By PAUL SANCYA and ED WHITE Associated Press
A day before four students were killed at a Michigan school, the mother of the teenager charged with carrying out the mass shooting sent him a text message asking if he had showed teachers a “pic of your new gun,” an investigator testified Tuesday.
The text was one of several between Jennifer and Ethan Crumbley on Nov. 29 after school officials left a voicemail informing her that the 15-year-old was looking up ammunition on his phone.
A judge must decide if there’s enough evidence to send Jennifer Crumbley and her husband, James Crumbley, to trial on involuntary manslaughter charges. It’s a low threshold under Michigan law, but this case is highly unusual because parents are rarely held criminally responsible for teens accused in mass school shootings.
The Crumbleys are accused of making a gun accessible to Ethan and failing to intervene when he showed signs of mental distress at home and at school. Four students were killed and others were wounded in the Nov. 30 attack at Oxford High School, which is roughly 30 miles (50 kilometers) north of Detroit.
The school left a voicemail for Jennifer Crumbley the day before the attack informing her that a teacher was concerned about Ethan’s ammunition search on his phone.
In court, Ed Wagrowski, a computer crimes investigator in the Oakland County sheriff’s office, read aloud a series of texts exchanged between mother and son.
“Seriously?? Looking up bullets in school??” Jennifer Crumbley wrote.
Her son replied: “Oh yeah. I already went to the office for that. All I did was look up a certain caliber at the end of class because I was curious. Completely harmless.”
“Did you at least show them a pic of your new gun?” Jennifer Crumbley asked.
“No I didn’t show them a pic. My God,” he wrote back.
The Crumbleys’ attorneys insist the couple didn’t know that their son might be planning an attack and that they didn’t make the gun easy to find in their home.
Prosecutor Karen McDonald said she aimed to show that the Crumbleys committed gross negligence and had an obligation to “protect the community.”

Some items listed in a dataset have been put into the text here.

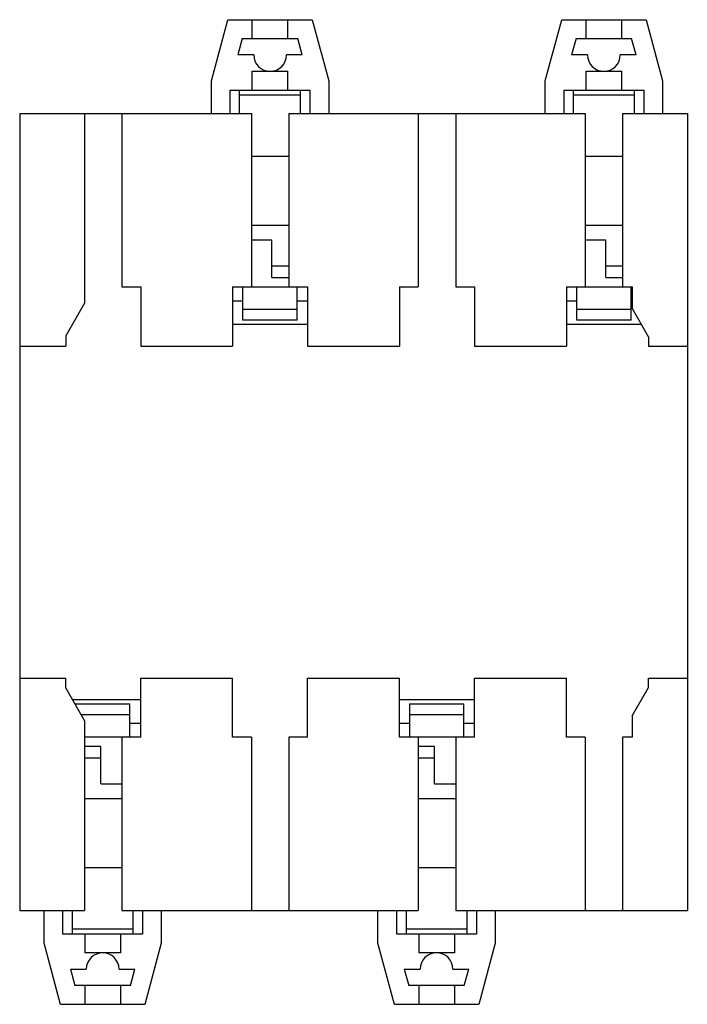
# Model space of a CAD drawing. Header units: millimetres. Extents: x 10 to 81, y 11 to 116.
import ezdxf

# ---------------------------------------------------------------- set-up
doc = ezdxf.new("R2010")
doc.units = ezdxf.units.MM
doc.header["$LTSCALE"] = 8.261107
doc.layers.get('0').update_dxf_attribs({"linetype": 'CONTINUOUS'})

msp = doc.modelspace()

# ---------------------------------------------------------------- linework, layer by layer
at = {"color": 7, "linetype": 'Continuous'}
for p, q in [((30.28, 109.1), (32.03, 115.63)), ((32.03, 115.63), (41.03, 115.63)), ((34.63, 113.63), (34.63, 115.63)), ((38.43, 113.63), (38.43, 115.63)), ((41.03, 115.63), (42.78, 109.1)), ((65.88, 109.1), (67.63, 115.63)), ((67.63, 115.63), (76.63, 115.63)), ((70.23, 113.63), (70.23, 115.63)), ((74.03, 113.63), (74.03, 115.63)), ((76.63, 115.63), (78.38, 109.1)), ((33.56, 113.63), (33.09, 111.88)), ((33.56, 113.63), (39.49, 113.63)), ((39.96, 111.88), (39.49, 113.63)), ((69.16, 113.63), (68.69, 111.88)), ((69.16, 113.63), (75.09, 113.63)), ((75.56, 111.88), (75.09, 113.63)), ((34.78, 111.88), (33.09, 111.88)), ((39.96, 111.88), (38.28, 111.88)), ((70.38, 111.88), (68.69, 111.88)), ((75.56, 111.88), (73.88, 111.88)), ((34.63, 108.13), (34.63, 110.13)), ((34.63, 110.13), (38.43, 110.13)), ((38.43, 108.13), (38.43, 110.13)), ((70.23, 108.13), (70.23, 110.13)), ((70.23, 110.13), (74.03, 110.13)), ((74.03, 108.13), (74.03, 110.13)), ((30.28, 105.63), (30.28, 109.1)), ((42.78, 109.1), (42.78, 105.63)), ((65.88, 105.63), (65.88, 109.1)), ((78.38, 109.1), (78.38, 105.63)), ((32.28, 105.63), (32.28, 108.13)), ((32.28, 108.13), (40.78, 108.13)), ((33.28, 105.63), (33.28, 108.13)), ((33.28, 107.63), (39.78, 107.63)), ((39.78, 105.63), (39.78, 108.13)), ((40.78, 108.13), (40.78, 105.63)), ((67.88, 105.63), (67.88, 108.13)), ((67.88, 108.13), (76.38, 108.13)), ((68.88, 105.63), (68.88, 108.13)), ((68.88, 107.63), (75.38, 107.63)), ((75.38, 105.63), (75.38, 108.13)), ((76.38, 108.13), (76.38, 105.63)), ((9.83, 105.63), (9.83, 20.63)), ((9.83, 105.63), (34.53, 105.63)), ((16.73, 105.63), (16.73, 85.4)), ((20.73, 105.63), (20.73, 87.13)), ((34.53, 105.63), (34.53, 87.13)), ((38.53, 105.63), (38.53, 87.13)), ((38.53, 105.63), (70.13, 105.63)), ((52.33, 105.63), (52.33, 87.13)), ((56.33, 105.63), (56.33, 87.13)), ((70.13, 105.63), (70.13, 87.13)), ((74.13, 105.63), (74.13, 87.13)), ((74.13, 105.63), (81.03, 105.63)), ((81.03, 105.63), (81.03, 20.63)), ((34.53, 101.07), (38.53, 101.07)), ((70.13, 101.07), (74.13, 101.07)), ((34.53, 93.73), (38.53, 93.73)), ((70.13, 93.73), (74.13, 93.73)), ((36.73, 92.13), (34.53, 92.13)), ((36.73, 88.13), (36.73, 92.13)), ((72.33, 92.13), (70.13, 92.13)), ((72.33, 88.13), (72.33, 92.13)), ((36.73, 89.37), (38.53, 89.37)), ((72.33, 89.37), (74.13, 89.37)), ((36.73, 88.13), (38.53, 88.13)), ((72.33, 88.13), (74.13, 88.13)), ((20.73, 87.13), (22.73, 87.13)), ((22.73, 87.13), (22.73, 80.83)), ((32.53, 87.13), (32.53, 80.83)), ((32.53, 87.13), (40.53, 87.13)), ((33.63, 83.6), (33.63, 87.13)), ((39.43, 83.6), (39.43, 87.13)), ((40.53, 87.13), (40.53, 80.83)), ((50.33, 87.13), (50.33, 80.83)), ((50.33, 87.13), (52.33, 87.13)), ((56.33, 87.13), (58.33, 87.13)), ((58.33, 87.13), (58.33, 80.83)), ((68.13, 87.13), (68.13, 80.83)), ((68.13, 87.13), (75.13, 87.13)), ((69.23, 83.6), (69.23, 87.13)), ((75.03, 83.6), (75.03, 87.13)), ((75.13, 87.13), (75.13, 84.86)), ((16.73, 85.4), (14.73, 81.93)), ((33.63, 85.63), (32.53, 85.63)), ((40.53, 85.63), (39.43, 85.63)), ((69.23, 85.63), (68.13, 85.63)), ((75.13, 85.63), (75.03, 85.63)), ((33.63, 84.75), (39.43, 84.75)), ((69.23, 84.75), (75.03, 84.75)), ((76.88, 81.83), (75.13, 84.86)), ((40.53, 83.13), (32.53, 83.13)), ((39.43, 83.6), (33.63, 83.6)), ((76.12, 83.13), (68.13, 83.13)), ((75.03, 83.6), (69.23, 83.6)), ((14.73, 81.93), (14.73, 80.83)), ((76.88, 81.83), (76.88, 80.83)), ((9.83, 80.83), (14.73, 80.83)), ((22.73, 80.83), (32.53, 80.83)), ((40.53, 80.83), (50.33, 80.83)), ((58.33, 80.83), (68.13, 80.83)), ((76.88, 80.83), (81.03, 80.83)), ((9.83, 45.43), (14.73, 45.43)), ((14.73, 44.33), (14.73, 45.43)), ((22.73, 39.13), (22.73, 45.43)), ((22.73, 45.43), (32.53, 45.43)), ((32.53, 39.13), (32.53, 45.43)), ((40.53, 45.43), (50.33, 45.43)), ((40.53, 39.13), (40.53, 45.43)), ((50.33, 39.13), (50.33, 45.43)), ((58.33, 45.43), (68.13, 45.43)), ((58.33, 39.13), (58.33, 45.43)), ((68.13, 39.13), (68.13, 45.43)), ((76.88, 45.43), (81.03, 45.43)), ((76.88, 44.43), (76.88, 45.43)), ((14.73, 44.33), (16.73, 40.87)), ((75.13, 41.4), (76.88, 44.43)), ((15.42, 43.13), (22.73, 43.13)), ((50.33, 43.13), (58.33, 43.13)), ((15.78, 42.67), (15.78, 42.52)), ((15.78, 42.67), (21.58, 42.67)), ((21.58, 39.13), (21.58, 42.67)), ((51.38, 42.67), (57.18, 42.67)), ((51.38, 42.67), (51.38, 39.13)), ((57.18, 39.13), (57.18, 42.67)), ((21.58, 41.52), (16.35, 41.52)), ((57.18, 41.52), (51.38, 41.52)), ((75.13, 41.4), (75.13, 39.13)), ((16.73, 40.87), (16.73, 20.63)), ((21.58, 40.63), (22.73, 40.63)), ((50.33, 40.63), (51.38, 40.63)), ((57.18, 40.63), (58.33, 40.63)), ((22.73, 39.13), (16.73, 39.13)), ((20.73, 39.13), (20.73, 20.63)), ((34.53, 39.13), (32.53, 39.13)), ((34.53, 39.13), (34.53, 20.63)), ((40.53, 39.13), (38.53, 39.13)), ((38.53, 39.13), (38.53, 20.63)), ((58.33, 39.13), (50.33, 39.13)), ((52.33, 39.13), (52.33, 20.63)), ((56.33, 39.13), (56.33, 20.63)), ((70.13, 39.13), (68.13, 39.13)), ((70.13, 39.13), (70.13, 20.63)), ((75.13, 39.13), (74.13, 39.13)), ((74.13, 39.13), (74.13, 20.63)), ((18.48, 38.13), (16.73, 38.13)), ((18.48, 34.13), (18.48, 38.13)), ((54.08, 38.13), (52.33, 38.13)), ((54.08, 34.13), (54.08, 38.13)), ((18.48, 36.9), (16.73, 36.9)), ((54.08, 36.9), (52.33, 36.9)), ((18.48, 34.13), (20.73, 34.13)), ((54.08, 34.13), (56.33, 34.13)), ((20.73, 32.54), (16.73, 32.54)), ((56.33, 32.54), (52.33, 32.54)), ((20.73, 25.2), (16.73, 25.2)), ((56.33, 25.2), (52.33, 25.2)), ((9.83, 20.63), (16.73, 20.63)), ((12.43, 17.16), (12.43, 20.63)), ((14.43, 18.13), (14.43, 20.63)), ((15.43, 20.63), (15.43, 18.13)), ((20.73, 20.63), (52.33, 20.63)), ((21.93, 18.13), (21.93, 20.63)), ((22.93, 20.63), (22.93, 18.13)), ((24.93, 20.63), (24.93, 17.16)), ((48.03, 17.16), (48.03, 20.63)), ((50.03, 18.13), (50.03, 20.63)), ((51.03, 20.63), (51.03, 18.13)), ((56.33, 20.63), (81.03, 20.63)), ((57.53, 18.13), (57.53, 20.63)), ((58.53, 20.63), (58.53, 18.13)), ((60.53, 20.63), (60.53, 17.16)), ((22.93, 18.13), (14.43, 18.13)), ((21.93, 18.63), (15.43, 18.63)), ((16.78, 18.13), (16.78, 16.13)), ((20.58, 18.13), (20.58, 16.13)), ((58.53, 18.13), (50.03, 18.13)), ((57.53, 18.63), (51.03, 18.63)), ((52.38, 18.13), (52.38, 16.13)), ((56.18, 18.13), (56.18, 16.13)), ((14.18, 10.63), (12.43, 17.16)), ((24.93, 17.16), (23.18, 10.63)), ((49.78, 10.63), (48.03, 17.16)), ((60.53, 17.16), (58.78, 10.63)), ((20.58, 16.13), (16.78, 16.13)), ((56.18, 16.13), (52.38, 16.13)), ((15.24, 14.38), (16.93, 14.38)), ((15.24, 14.38), (15.71, 12.63)), ((20.43, 14.38), (22.11, 14.38)), ((21.64, 12.63), (22.11, 14.38)), ((50.84, 14.38), (52.53, 14.38)), ((50.84, 14.38), (51.31, 12.63)), ((56.03, 14.38), (57.71, 14.38)), ((57.24, 12.63), (57.71, 14.38)), ((21.64, 12.63), (15.71, 12.63)), ((16.78, 12.63), (16.78, 10.63)), ((20.58, 12.63), (20.58, 10.63)), ((57.24, 12.63), (51.31, 12.63)), ((52.38, 12.63), (52.38, 10.63)), ((56.18, 12.63), (56.18, 10.63)), ((23.18, 10.63), (14.18, 10.63)), ((58.78, 10.63), (49.78, 10.63))]:
    msp.add_line(p, q, dxfattribs=at)
for centre, start, end in [((36.53, 111.88), 180, 360), ((72.13, 111.88), 180, 360), ((18.68, 14.38), 0, 180), ((54.28, 14.38), 0, 180)]:
    msp.add_arc(centre, 1.75, start, end, dxfattribs=at)

doc.saveas('drawing.dxf')

On the morning of the shooting, Jennifer and James Crumbley were summoned to the school and confronted with Ethan’s drawings, which included a handgun and the words, “The thoughts won’t stop. Help me.” Authorities said the parents refused to take him home and were told to get him counseling.
Amanda Holland, a co-worker at a real estate company, said Jennifer Crumbley shared a picture of the drawings when she returned to work from the school meeting.
“I told her I thought it was scary. She agreed,” Holland testified.
“I said it would be nice for her to take him for a day, go see a movie, go have lunch,” Holland said. “I said she should have brought him home. I thought it was a disturbing photo and this child needed to be around family.”
Jennifer Crumbley said “she felt like a failure as a parent,” according to Holland, who added that it seemed a “little sarcastic.”
Jennifer Crumbley’s boss, Andrew Smith, said she shared an image of the drawings with him, too, though he didn’t immediately look at it.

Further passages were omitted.